His colleague has also developed a way of programming monocytes to selectively attack tumours in cancer patients who have stopped responding to other treatments.
Prof Fändrich says of this treatment: “In a lot of cases, we can stabilise, and even reverse the process in some patients. I won’t call it a cure, but they have very good quality of life because the treatment has no side effects. And they gain time – a lot of years.”
Since 2005, he has treated hundreds of patients on a personal basis without any side effects, as the therapy uses the patient’s own white blood cells.
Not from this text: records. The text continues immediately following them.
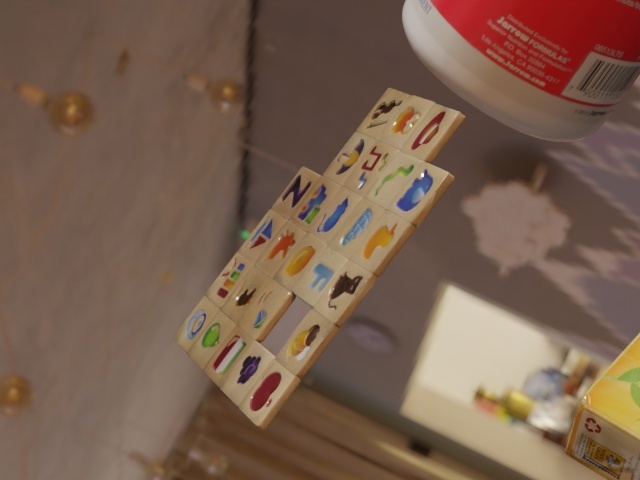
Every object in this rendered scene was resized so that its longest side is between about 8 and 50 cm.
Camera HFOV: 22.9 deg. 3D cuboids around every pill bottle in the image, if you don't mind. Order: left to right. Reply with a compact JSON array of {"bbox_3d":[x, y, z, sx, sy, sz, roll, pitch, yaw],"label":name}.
[{"bbox_3d":[0.265,-0.309,1.433,0.407,0.229,0.229,-57,-4,29],"label":"pill bottle"}]

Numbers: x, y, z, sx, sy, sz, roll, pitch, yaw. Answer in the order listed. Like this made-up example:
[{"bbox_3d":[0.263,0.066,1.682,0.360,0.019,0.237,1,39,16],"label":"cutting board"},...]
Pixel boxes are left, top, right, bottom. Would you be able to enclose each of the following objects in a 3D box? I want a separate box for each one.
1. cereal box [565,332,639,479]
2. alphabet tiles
[{"bbox_3d":[0.264,0.102,0.753,0.173,0.240,0.047,-38,-31,-38],"label":"cereal box"},{"bbox_3d":[0.000,0.000,1.059,0.237,0.009,0.198,-52,24,-2],"label":"alphabet tiles"}]
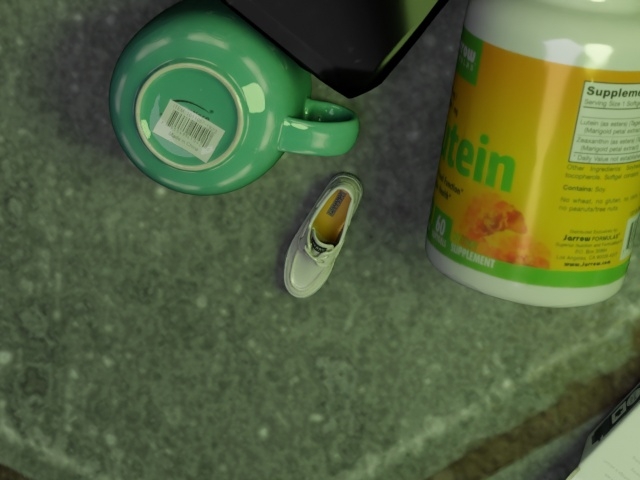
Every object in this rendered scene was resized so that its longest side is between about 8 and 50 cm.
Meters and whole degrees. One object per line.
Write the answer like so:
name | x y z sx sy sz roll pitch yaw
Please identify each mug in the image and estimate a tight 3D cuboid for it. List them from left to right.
mug | -0.066 -0.099 1.356 0.157 0.097 0.129 -15 105 15

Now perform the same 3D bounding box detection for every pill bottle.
pill bottle | 0.153 -0.093 1.297 0.136 0.136 0.246 11 110 7

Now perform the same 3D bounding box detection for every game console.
game console | -0.049 -0.275 1.281 0.361 0.044 0.213 37 96 -10

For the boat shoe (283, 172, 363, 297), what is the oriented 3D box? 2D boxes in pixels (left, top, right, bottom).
boat shoe | 0.000 0.000 1.410 0.035 0.035 0.100 29 110 0

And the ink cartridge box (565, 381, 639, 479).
ink cartridge box | 0.295 0.177 1.408 0.206 0.045 0.208 39 109 -4
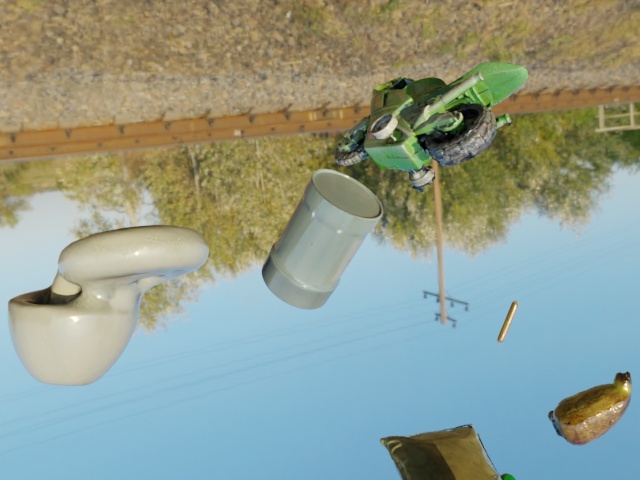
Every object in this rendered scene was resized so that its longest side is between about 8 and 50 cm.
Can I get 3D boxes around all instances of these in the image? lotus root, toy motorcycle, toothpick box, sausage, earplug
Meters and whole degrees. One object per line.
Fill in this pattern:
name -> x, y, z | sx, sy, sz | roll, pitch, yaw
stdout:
lotus root -> 0.560, 0.342, 1.128 | 0.190, 0.095, 0.108 | -42, 152, 24
toy motorcycle -> 0.088, -0.107, 0.505 | 0.106, 0.074, 0.190 | -54, -150, -17
toothpick box -> 0.000, 0.000, 0.706 | 0.101, 0.153, 0.101 | 23, -150, -15
sausage -> 0.391, 0.170, 1.161 | 0.015, 0.100, 0.015 | 20, -174, -2
earplug -> -0.315, 0.081, 0.836 | 0.325, 0.175, 0.214 | -40, 170, 5

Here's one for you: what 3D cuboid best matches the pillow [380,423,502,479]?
pillow -> 0.226, 0.415, 0.863 | 0.184, 0.075, 0.302 | -1, -149, -16

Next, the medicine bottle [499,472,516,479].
medicine bottle -> 0.353, 0.595, 1.283 | 0.094, 0.064, 0.260 | 8, 140, -27
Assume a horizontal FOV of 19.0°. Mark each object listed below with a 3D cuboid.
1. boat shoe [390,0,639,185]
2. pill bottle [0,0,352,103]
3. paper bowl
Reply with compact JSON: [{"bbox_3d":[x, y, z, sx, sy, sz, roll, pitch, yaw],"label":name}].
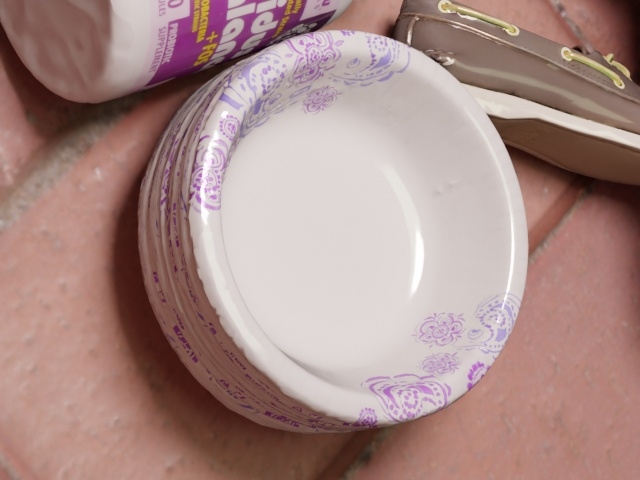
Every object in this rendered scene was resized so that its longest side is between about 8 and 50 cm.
[{"bbox_3d":[0.200,-0.116,1.564,0.324,0.116,0.097,14,76,-23],"label":"boat shoe"},{"bbox_3d":[-0.073,-0.215,1.376,0.301,0.169,0.169,-23,92,-36],"label":"pill bottle"},{"bbox_3d":[0.000,0.000,1.392,0.284,0.148,0.284,8,75,-31],"label":"paper bowl"}]
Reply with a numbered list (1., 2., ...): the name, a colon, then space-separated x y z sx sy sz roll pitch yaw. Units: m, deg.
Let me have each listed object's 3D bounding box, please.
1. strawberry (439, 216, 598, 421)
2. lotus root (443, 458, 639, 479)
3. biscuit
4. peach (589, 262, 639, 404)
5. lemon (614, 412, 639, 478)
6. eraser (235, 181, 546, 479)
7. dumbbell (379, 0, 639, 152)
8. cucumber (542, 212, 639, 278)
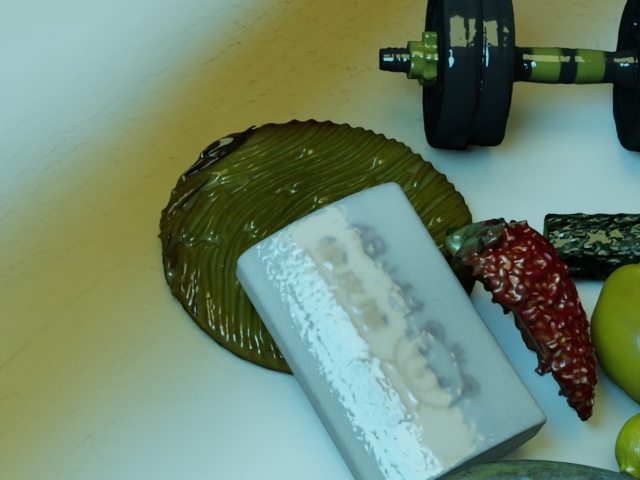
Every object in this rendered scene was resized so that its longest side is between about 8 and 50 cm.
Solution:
1. strawberry: 0.202 0.058 1.689 0.087 0.167 0.208 -39 103 -3
2. lotus root: 0.238 0.272 1.529 0.322 0.140 0.158 7 68 -8
3. biscuit: 0.000 0.000 1.786 0.317 0.040 0.318 3 52 -4
4. peach: 0.342 0.085 1.713 0.179 0.103 0.179 2 48 -2
5. lemon: 0.299 0.189 1.649 0.062 0.062 0.083 33 59 19
6. eraser: 0.062 0.096 1.644 0.174 0.095 0.270 -25 70 -17
7. dumbbell: 0.253 -0.179 1.869 0.388 0.185 0.185 2 51 -4
8. cucumber: 0.364 0.004 1.806 0.293 0.067 0.068 0 51 -7
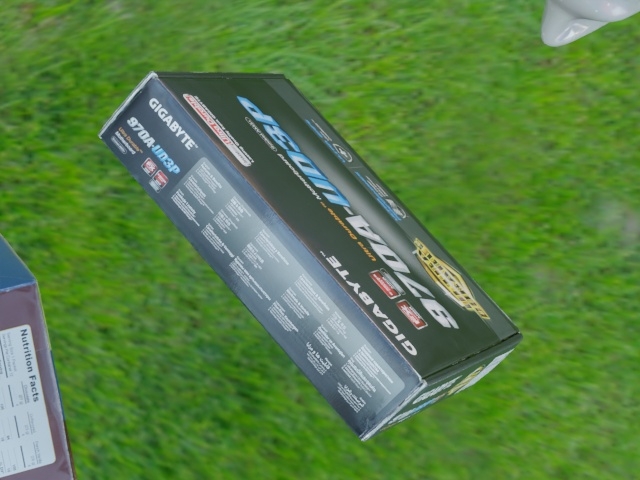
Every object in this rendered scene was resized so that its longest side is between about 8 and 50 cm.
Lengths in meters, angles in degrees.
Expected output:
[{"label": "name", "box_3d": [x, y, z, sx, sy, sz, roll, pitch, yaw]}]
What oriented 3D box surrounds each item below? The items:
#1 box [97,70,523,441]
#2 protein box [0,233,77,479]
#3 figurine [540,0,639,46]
[{"label": "box", "box_3d": [0.000, 0.000, 0.967, 0.051, 0.175, 0.220, -46, 77, 20]}, {"label": "protein box", "box_3d": [-0.277, 0.084, 1.068, 0.201, 0.200, 0.136, -13, 108, -18]}, {"label": "figurine", "box_3d": [0.133, -0.185, 0.638, 0.209, 0.092, 0.215, -29, 129, 7]}]
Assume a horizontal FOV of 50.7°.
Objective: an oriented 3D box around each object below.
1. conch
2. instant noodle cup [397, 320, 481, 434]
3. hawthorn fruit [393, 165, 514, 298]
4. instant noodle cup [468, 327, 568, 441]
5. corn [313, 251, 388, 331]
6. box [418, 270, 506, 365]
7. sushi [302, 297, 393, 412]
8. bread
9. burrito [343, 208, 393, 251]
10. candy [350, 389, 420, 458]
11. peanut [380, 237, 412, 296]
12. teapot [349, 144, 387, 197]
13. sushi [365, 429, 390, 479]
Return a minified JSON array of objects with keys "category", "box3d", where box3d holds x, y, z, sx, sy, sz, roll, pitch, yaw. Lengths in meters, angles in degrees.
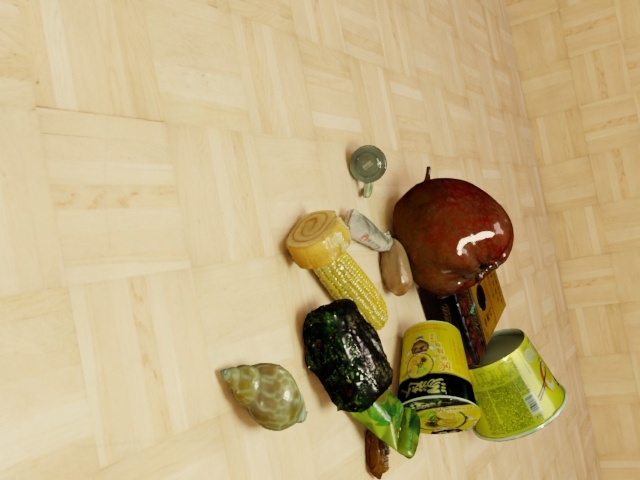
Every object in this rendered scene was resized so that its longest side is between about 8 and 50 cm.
[{"category":"conch","box3d":[-0.084,0.274,1.175,0.173,0.106,0.116,55,13,-63]},{"category":"instant noodle cup","box3d":[0.285,0.336,1.677,0.215,0.215,0.236,47,35,-41]},{"category":"hawthorn fruit","box3d":[0.335,-0.021,1.774,0.325,0.308,0.308,37,28,14]},{"category":"instant noodle cup","box3d":[0.544,0.412,1.999,0.221,0.311,0.311,63,33,-8]},{"category":"corn","box3d":[0.070,0.109,1.488,0.244,0.093,0.093,54,38,-35]},{"category":"box","box3d":[0.441,0.178,2.056,0.415,0.116,0.264,-37,112,-58]},{"category":"sushi","box3d":[0.051,0.233,1.365,0.127,0.124,0.225,-23,87,-55]},{"category":"bread","box3d":[0.000,0.000,1.385,0.073,0.122,0.149,66,34,-25]},{"category":"burrito","box3d":[0.113,-0.020,1.643,0.203,0.064,0.064,29,56,-50]},{"category":"candy","box3d":[0.117,0.359,1.483,0.246,0.069,0.149,47,29,-11]},{"category":"peanut","box3d":[0.192,0.068,1.723,0.076,0.076,0.152,12,65,-57]},{"category":"teapot","box3d":[0.117,-0.182,1.702,0.092,0.124,0.091,33,18,4]},{"category":"sushi","box3d":[0.128,0.469,1.503,0.055,0.052,0.120,15,62,-40]}]
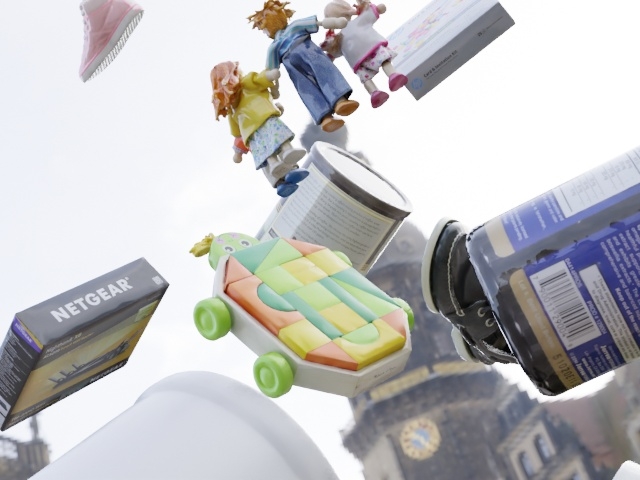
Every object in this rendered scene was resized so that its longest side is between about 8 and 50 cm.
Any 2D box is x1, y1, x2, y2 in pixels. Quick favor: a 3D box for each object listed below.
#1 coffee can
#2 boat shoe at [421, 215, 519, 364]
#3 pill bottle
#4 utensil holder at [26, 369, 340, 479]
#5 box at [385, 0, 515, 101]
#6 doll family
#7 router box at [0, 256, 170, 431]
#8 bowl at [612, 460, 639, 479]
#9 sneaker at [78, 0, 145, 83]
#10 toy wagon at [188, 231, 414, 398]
[{"bbox_3d":[0.000,0.000,1.857,0.201,0.201,0.275,19,-69,-45],"label":"coffee can"},{"bbox_3d":[0.229,0.085,1.483,0.127,0.113,0.340,-58,-33,-24],"label":"boat shoe"},{"bbox_3d":[0.213,0.001,0.682,0.219,0.123,0.123,-27,-33,12],"label":"pill bottle"},{"bbox_3d":[-0.198,0.357,1.066,0.385,0.327,0.328,-32,-18,-43],"label":"utensil holder"},{"bbox_3d":[0.151,-0.253,1.322,0.145,0.186,0.038,-37,-70,14],"label":"box"},{"bbox_3d":[-0.038,-0.182,1.233,0.263,0.163,0.118,-42,-21,23],"label":"doll family"},{"bbox_3d":[-0.433,0.179,1.917,0.309,0.081,0.243,-28,-23,-50],"label":"router box"},{"bbox_3d":[0.272,0.243,0.782,0.289,0.156,0.289,-44,-34,-39],"label":"bowl"},{"bbox_3d":[-0.284,-0.267,1.384,0.134,0.070,0.051,-47,3,30],"label":"sneaker"},{"bbox_3d":[-0.044,0.077,1.459,0.267,0.344,0.068,-19,-41,-46],"label":"toy wagon"}]
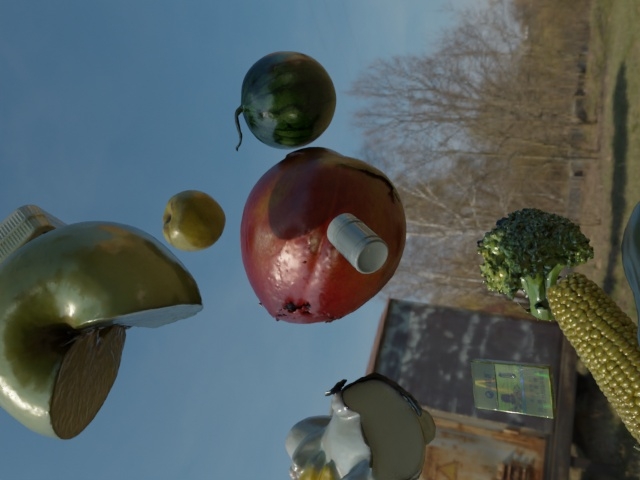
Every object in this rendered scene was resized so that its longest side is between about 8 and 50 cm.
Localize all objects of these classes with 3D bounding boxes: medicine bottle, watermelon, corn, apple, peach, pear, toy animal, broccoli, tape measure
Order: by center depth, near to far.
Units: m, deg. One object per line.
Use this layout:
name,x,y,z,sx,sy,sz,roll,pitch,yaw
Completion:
corn,0.397,0.159,0.765,0.091,0.260,0.091,-5,-35,-40
apple,-0.335,0.102,0.823,0.295,0.233,0.258,-47,0,4
medicine bottle,0.055,0.003,0.868,0.058,0.091,0.058,-15,-54,-23
toy animal,0.048,0.344,0.953,0.247,0.183,0.310,-35,-15,-35
peach,0.000,0.000,1.192,0.370,0.369,0.370,6,-90,-70
watermelon,-0.056,-0.286,1.205,0.232,0.127,0.204,-10,-68,-34
broccoli,0.488,0.055,1.296,0.180,0.242,0.273,27,-131,-81
tape measure,-0.687,0.062,1.422,0.231,0.133,0.271,-47,-22,-5
pear,-0.415,-0.064,1.925,0.209,0.208,0.209,6,-90,-70

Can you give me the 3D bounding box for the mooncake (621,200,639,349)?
mooncake,0.422,0.024,0.412,0.351,0.351,0.187,75,-161,-44

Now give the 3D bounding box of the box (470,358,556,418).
box,0.461,0.352,1.391,0.030,0.193,0.122,-10,-86,-51
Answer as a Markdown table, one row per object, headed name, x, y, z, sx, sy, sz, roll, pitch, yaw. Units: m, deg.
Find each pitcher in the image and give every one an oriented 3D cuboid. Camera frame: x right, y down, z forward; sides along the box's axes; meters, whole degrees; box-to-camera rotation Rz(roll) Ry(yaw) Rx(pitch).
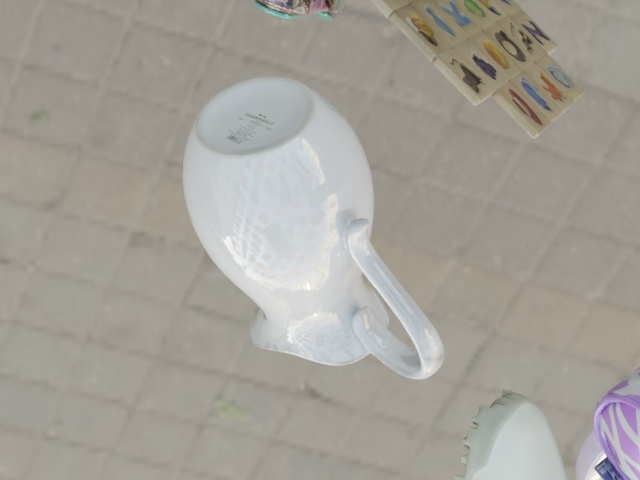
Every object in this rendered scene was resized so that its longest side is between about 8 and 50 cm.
| name | x | y | z | sx | sy | sz | roll | pitch | yaw |
| --- | --- | --- | --- | --- | --- | --- | --- | --- | --- |
| pitcher | 0.000 | 0.000 | 1.182 | 0.177 | 0.125 | 0.207 | 21 | 144 | 35 |

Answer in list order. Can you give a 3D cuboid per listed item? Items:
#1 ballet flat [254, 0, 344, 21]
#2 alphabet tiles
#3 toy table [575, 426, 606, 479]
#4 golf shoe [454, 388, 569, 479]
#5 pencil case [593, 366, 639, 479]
| name | x | y | z | sx | sy | sz | roll | pitch | yaw |
| --- | --- | --- | --- | --- | --- | --- | --- | --- | --- |
| ballet flat | -0.012 | -0.254 | 1.679 | 0.077 | 0.221 | 0.079 | 27 | 101 | 8 |
| alphabet tiles | 0.139 | -0.225 | 1.725 | 0.285 | 0.342 | 0.011 | 46 | 114 | 3 |
| toy table | 0.325 | 0.230 | 1.486 | 0.252 | 0.161 | 0.274 | -7 | 147 | -6 |
| golf shoe | 0.112 | 0.147 | 0.755 | 0.086 | 0.069 | 0.176 | 3 | 115 | 39 |
| pencil case | 0.252 | 0.074 | 1.000 | 0.206 | 0.088 | 0.086 | -35 | 169 | -21 |

But his monocytes will be put to the proper scientific test in three phase II clinical trials projected to start at the end of the year. The trials will look at coronary artery disease, Alzheimer’s disease, and vasculitis in granulomatosis with polyangiitis and systematic lupus erythematosus, respectively.
“I would like to look at diseases where patients don’t have another option, where standard care doesn’t offer anything,” he says.
The treatment process
The treatment programme usually begins with the patient’s blood being drawn to obtain their monocytes.
While the monocytes are being processed by Prof Fändrich’s patented methods, the patient is then started on the supplementary detox programme for three to five days.
Five to seven days after the patient’s blood is drawn, the reprogrammed monocytes are ready to be injected into the patient.
The number of injections required depend on the patients and their conditions.
For cancer patients, this includes how soon they decide to undergo the cell therapy, as well as the fact that the lifespan of the programmable cells is about six to 12 months in the body. For those with autoimmune and degenerative diseases, it depends on when and if their symptoms reappear.
Prof Fandrich would advise that patients get injections once a year, but his experience has shown that patients can improve with just one injection, or alternatively, require top-up injections once in a while.
He is currently working with Boga Valley Corporation to bring the health supplements to Malaysia.
However, they have decided to wait until the cellular therapy receives the European Medicines Agency approval before bringing it to Malaysia.